When you find the line with "log pre_configuring.sh ..." among the records below, reproduce it and each line after it exactly, ending with the line with "tr -dc 'a-z0-9'".
%%
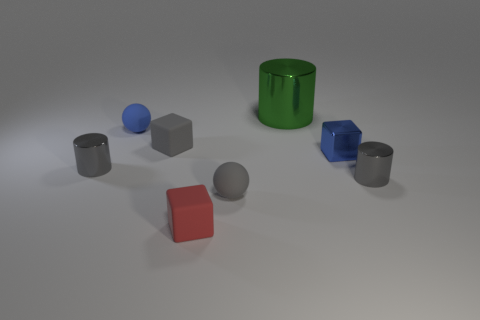Is there anything else that has the same size as the green metal thing?
Ensure brevity in your answer.  No. There is a small matte sphere that is behind the tiny gray matte block right of the metal cylinder left of the small gray rubber block; what is its color?
Offer a very short reply. Blue. Are there an equal number of balls in front of the small gray cube and tiny blue objects in front of the large metallic cylinder?
Ensure brevity in your answer.  No. There is a red object that is the same size as the blue matte thing; what is its shape?
Offer a very short reply. Cube. Are there any big matte cubes that have the same color as the big object?
Your response must be concise. No. There is a tiny gray rubber thing to the right of the tiny gray rubber block; what is its shape?
Your answer should be compact. Sphere. The large cylinder is what color?
Provide a short and direct response. Green. What color is the tiny cube that is the same material as the red thing?
Ensure brevity in your answer.  Gray. What number of gray things are made of the same material as the green cylinder?
Make the answer very short. 2. There is a red matte thing; what number of small metallic blocks are left of it?
Keep it short and to the point. 0. 
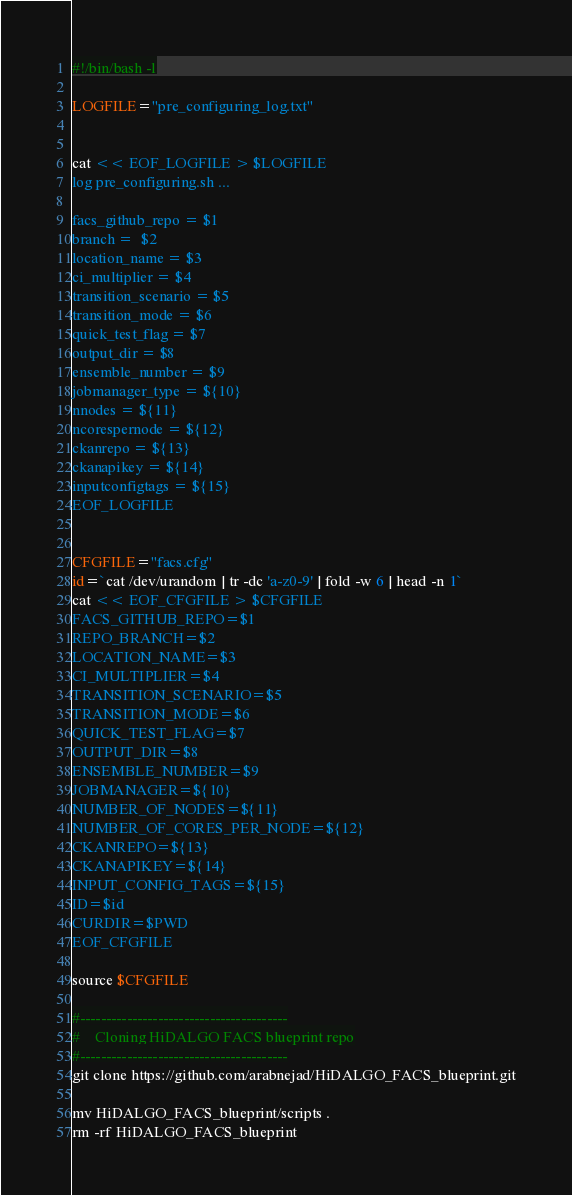Convert code to text. <code><loc_0><loc_0><loc_500><loc_500><_Bash_>#!/bin/bash -l

LOGFILE="pre_configuring_log.txt"


cat << EOF_LOGFILE > $LOGFILE
log pre_configuring.sh ...

facs_github_repo = $1
branch =  $2
location_name = $3
ci_multiplier = $4
transition_scenario = $5
transition_mode = $6
quick_test_flag = $7
output_dir = $8
ensemble_number = $9
jobmanager_type = ${10}
nnodes = ${11}
ncorespernode = ${12}
ckanrepo = ${13}
ckanapikey = ${14}
inputconfigtags = ${15}
EOF_LOGFILE


CFGFILE="facs.cfg"
id=`cat /dev/urandom | tr -dc 'a-z0-9' | fold -w 6 | head -n 1`
cat << EOF_CFGFILE > $CFGFILE
FACS_GITHUB_REPO=$1
REPO_BRANCH=$2
LOCATION_NAME=$3
CI_MULTIPLIER=$4
TRANSITION_SCENARIO=$5
TRANSITION_MODE=$6
QUICK_TEST_FLAG=$7
OUTPUT_DIR=$8
ENSEMBLE_NUMBER=$9
JOBMANAGER=${10}
NUMBER_OF_NODES=${11}
NUMBER_OF_CORES_PER_NODE=${12}
CKANREPO=${13}
CKANAPIKEY=${14}
INPUT_CONFIG_TAGS=${15}
ID=$id
CURDIR=$PWD
EOF_CFGFILE

source $CFGFILE

#----------------------------------------
#    Cloning HiDALGO FACS blueprint repo
#----------------------------------------
git clone https://github.com/arabnejad/HiDALGO_FACS_blueprint.git

mv HiDALGO_FACS_blueprint/scripts .
rm -rf HiDALGO_FACS_blueprint



</code>
%%
▶ _EXERCISE RESULT_
log pre_configuring.sh ...

facs_github_repo = $1
branch =  $2
location_name = $3
ci_multiplier = $4
transition_scenario = $5
transition_mode = $6
quick_test_flag = $7
output_dir = $8
ensemble_number = $9
jobmanager_type = ${10}
nnodes = ${11}
ncorespernode = ${12}
ckanrepo = ${13}
ckanapikey = ${14}
inputconfigtags = ${15}
EOF_LOGFILE


CFGFILE="facs.cfg"
id=`cat /dev/urandom | tr -dc 'a-z0-9' | fold -w 6 | head -n 1`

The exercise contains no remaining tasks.